The Bureau of Land Management’s (BLM) recent update of regulations governing the measurement, reporting and recordkeeping of oil and gas production from federal and Indian leases could cause a decline in U.S. oil and gas production due to slow permitting and excess government red tape, two energy industry groups said Monday.
Both the Independent Petroleum Association of America (IPAA) and the American Petroleum Institute (API) said they would review the new regulations in more detail. But both groups expressed serious concerns over the impact these new regulations would have on production.
“We believe that the collective costs that these three regulations will impose on America’s small businesses and job-creators have not accurately been taken into consideration,” said said Dan Naatz, the group’s senior vice president of government relations and political affairs, in an Oct. 17 press statement.
IPAA is also displeased that three BLM regulations are essentially going into effect at the exact same time, Naatz added. He said IPAA understands the need to modernize some of these rules, but called the federal government’s rulemaking approach as inherently prescriptive. The rules would lock in costly technologies that will likely become obsolete in a few years, while the industry continues to advance and technology improves.
“In conjunction with the imminent Venting and Flaring rule that is expected before the end of the year, these added rules stand to harm consumers, lower revenue to the government, weaken our national security and cause job losses,” API Upstream Director Erik Milito told Rigzone in an email statement.
IPAA called on the federal government to immediately retract the regulations and conduct further reviews of them.
BLM finalized the updates that would replace Onshore Oil and Gas Orders 3, 4 and 5, representing the first comprehensive update of its measurement rules since they were issued 25 years ago, BLM said in an Oct. 17 press statement.
The rule to replace Order 3 governs oil and gas handling and is designed to ensure that production is properly accounted for to prevent theft and loss. Orders 4 and 5 establish minimum standards for the accurate measurement of oil and gas, BLM said in the release.

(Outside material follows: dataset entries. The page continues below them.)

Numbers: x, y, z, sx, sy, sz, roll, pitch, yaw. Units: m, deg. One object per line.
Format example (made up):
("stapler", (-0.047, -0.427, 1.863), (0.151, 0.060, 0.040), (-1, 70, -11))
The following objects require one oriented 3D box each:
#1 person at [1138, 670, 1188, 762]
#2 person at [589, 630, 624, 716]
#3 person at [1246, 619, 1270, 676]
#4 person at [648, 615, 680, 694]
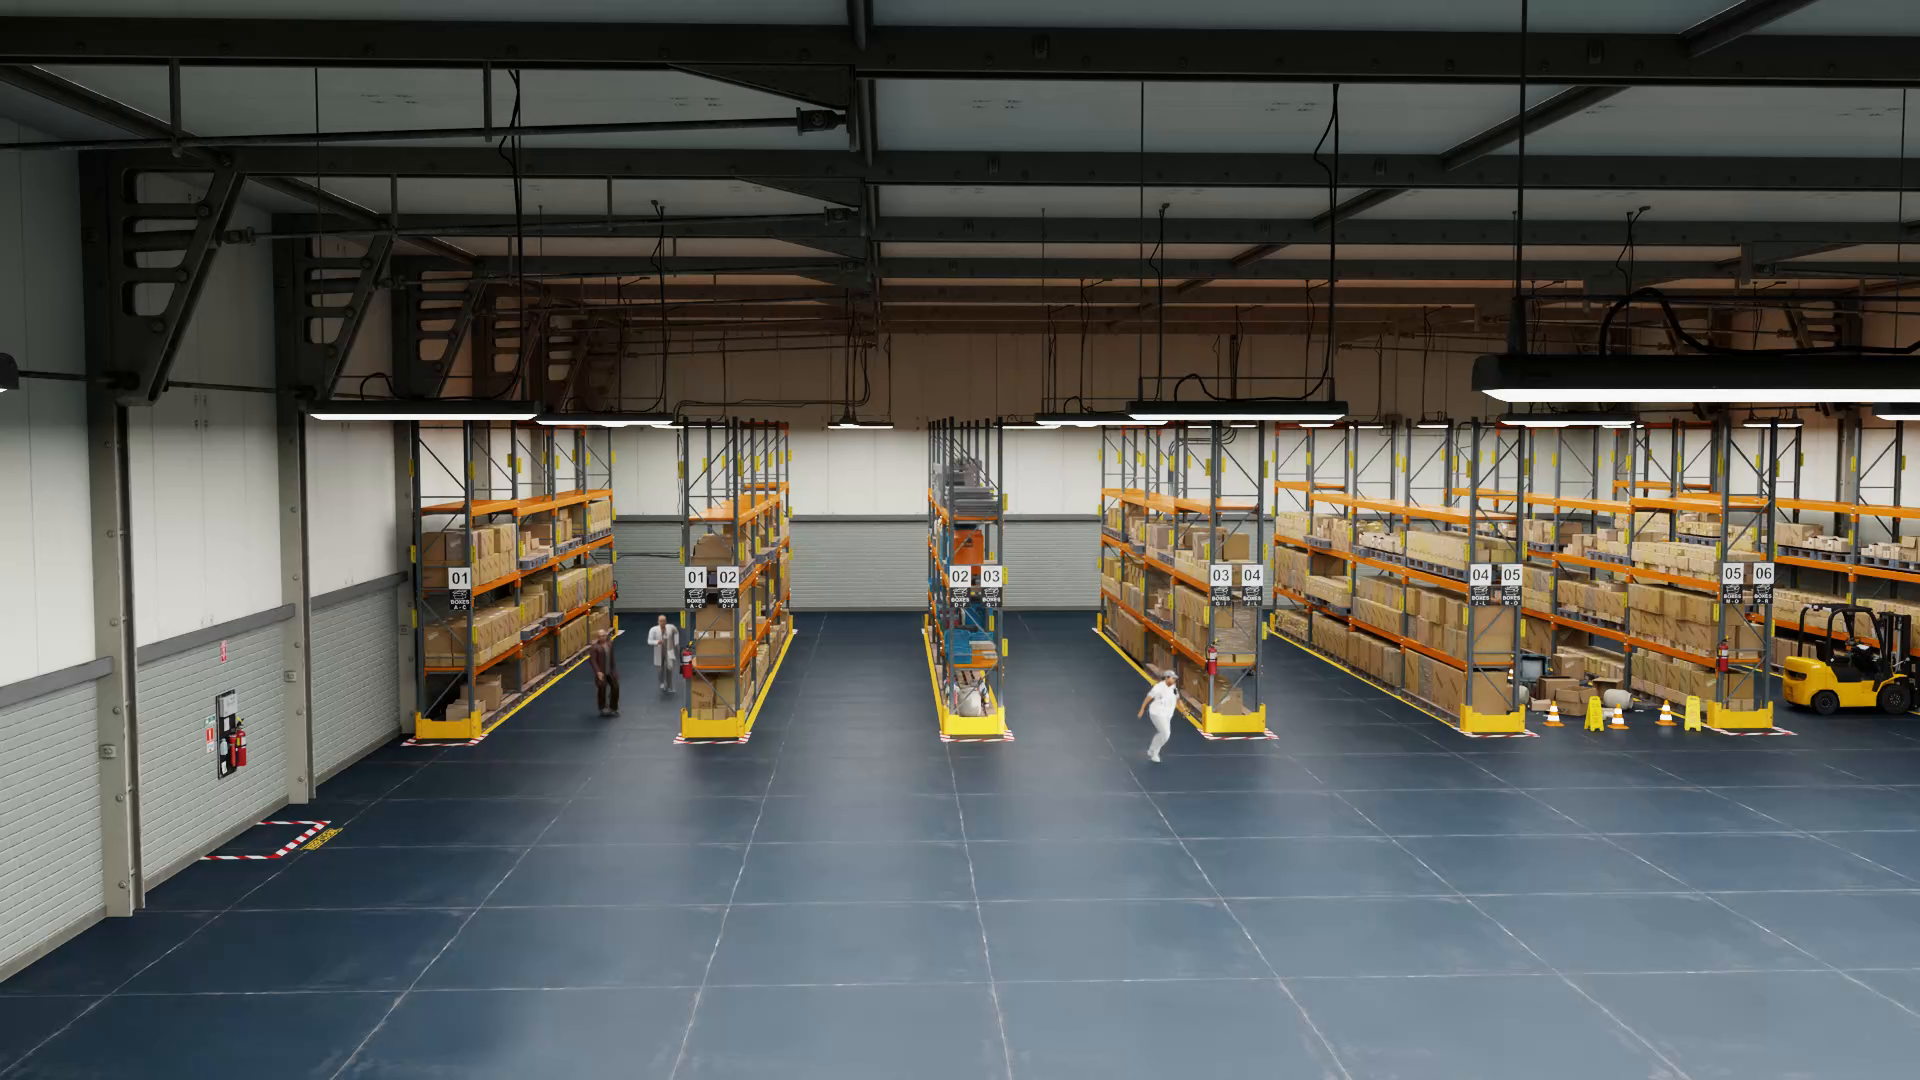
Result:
("person", (3.547, 3.042, 28.709), (0.587, 1.624, 0.772), (-3, 5, -42))
("person", (-7.149, 2.683, 33.382), (0.716, 1.808, 0.725), (-3, 5, -40))
("person", (6.824, 2.392, 38.603), (0.652, 1.591, 0.961), (0, 4, -7))
("person", (-6.487, 2.494, 36.451), (0.697, 1.725, 1.032), (-1, 4, -11))
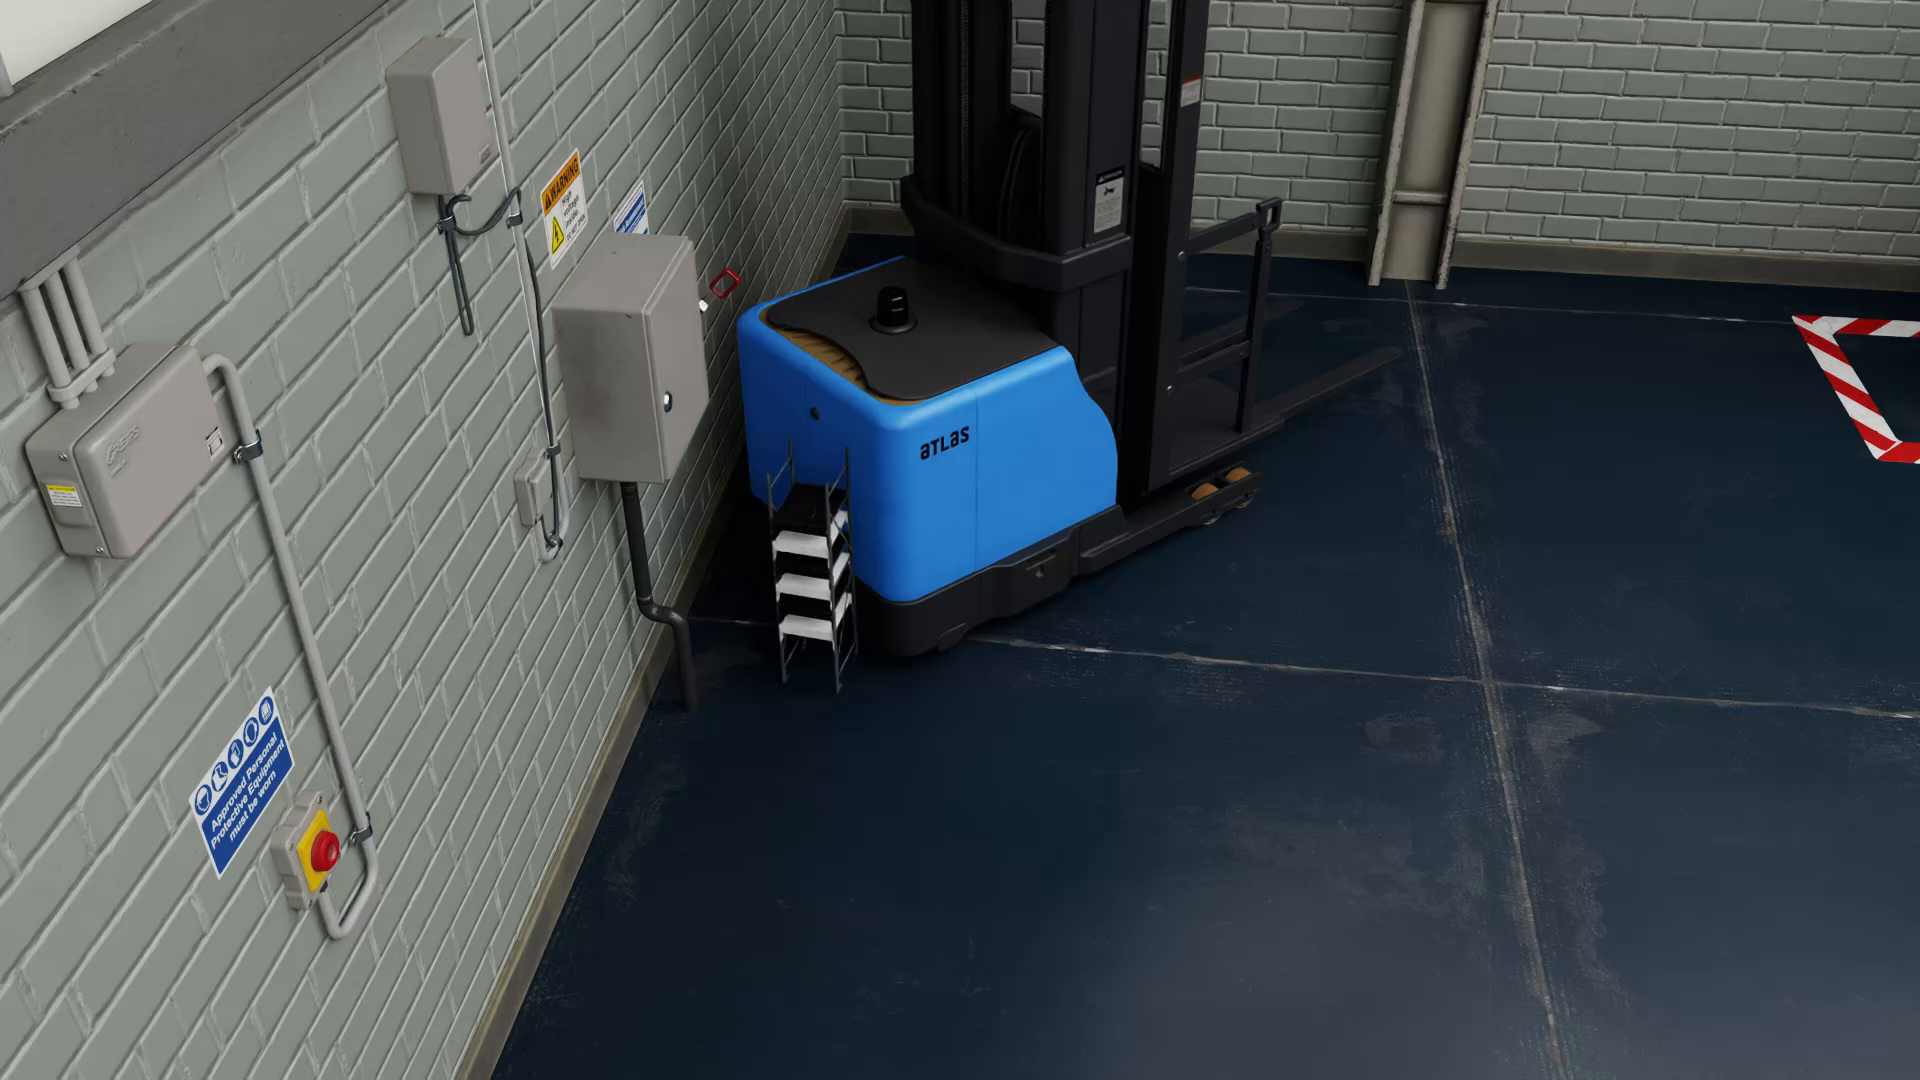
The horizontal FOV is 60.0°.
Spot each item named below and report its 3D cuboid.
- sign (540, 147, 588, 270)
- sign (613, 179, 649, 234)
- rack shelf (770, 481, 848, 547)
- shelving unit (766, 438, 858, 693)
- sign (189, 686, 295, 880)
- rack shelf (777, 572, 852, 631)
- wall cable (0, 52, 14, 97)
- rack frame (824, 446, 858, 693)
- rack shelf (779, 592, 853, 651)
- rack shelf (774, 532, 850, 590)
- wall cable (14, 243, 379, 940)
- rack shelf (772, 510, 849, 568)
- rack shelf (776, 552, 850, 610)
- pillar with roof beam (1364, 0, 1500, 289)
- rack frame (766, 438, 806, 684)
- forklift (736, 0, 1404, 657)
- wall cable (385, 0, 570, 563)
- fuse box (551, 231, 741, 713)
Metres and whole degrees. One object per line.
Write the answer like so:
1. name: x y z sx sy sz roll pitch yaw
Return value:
1. sign: -1.140 -0.959 4.800 0.001 0.242 0.339 4 36 6
2. sign: -1.070 -0.900 5.511 0.001 0.494 0.329 4 36 6
3. rack shelf: -0.510 -0.092 5.696 0.200 0.077 0.258 9 36 12
4. shelving unit: -0.510 0.101 5.834 0.210 0.900 0.258 9 36 12
5. sign: -1.407 0.474 3.272 0.001 0.218 0.327 4 36 6
6. rack shelf: -0.510 0.201 5.905 0.200 0.077 0.258 9 36 12
7. wall cable: -1.422 -1.736 1.437 0.029 3.000 0.463 4 36 6
8. rack frame: -0.412 0.116 5.813 0.006 0.900 0.240 9 36 12
9. rack shelf: -0.510 0.275 5.958 0.200 0.077 0.258 9 36 12
10. rack shelf: -0.510 0.055 5.801 0.200 0.077 0.258 9 36 12
11. wall cable: -1.340 0.134 3.078 0.123 1.953 0.585 4 36 6
12. rack shelf: -0.510 -0.018 5.749 0.200 0.077 0.258 9 36 12
13. rack shelf: -0.510 0.128 5.853 0.200 0.077 0.258 9 36 12
14. pillar with roof beam: 1.776 -2.576 2.614 0.400 9.000 9.100 4 36 6
15. rack frame: -0.609 0.086 5.855 0.006 0.900 0.240 9 36 12
16. forklift: 0.633 -1.472 6.289 3.031 2.935 1.130 -25 42 -31
17. wall cable: -1.171 -0.671 4.234 0.122 1.984 0.588 4 36 6
18. fuse box: -0.928 -0.115 5.438 0.414 1.711 0.539 4 36 6

The new rules incorporate the latest industry standards, measurement technology and practices and establish a one-stop, national process for the review and approval of new measurement standards for the accurate measurement of oil and gas, BLM said. The final rules will also contribute to oilfield safety by expressly recognizing automatic tank gauging as a permissible means to measure oil and prepare end-of-the-month inventories.
“This change gives operators the opportunity to deploy a technology more broadly that protects workers and reduces the need for workers to enter storage tanks and to open hatches that may expose them to potentially lethal fumes,” BLM commented.
The seven-year effort to finalize the new rules sought to address concerns raised by the Government Accountability Office, the Department of the Interior’s Office of the Inspector General and the Secretary’s Royalty Policy Committee, BLM stated. All three agencies had raised questions about the adequacy of BLM’s previous measurement rules.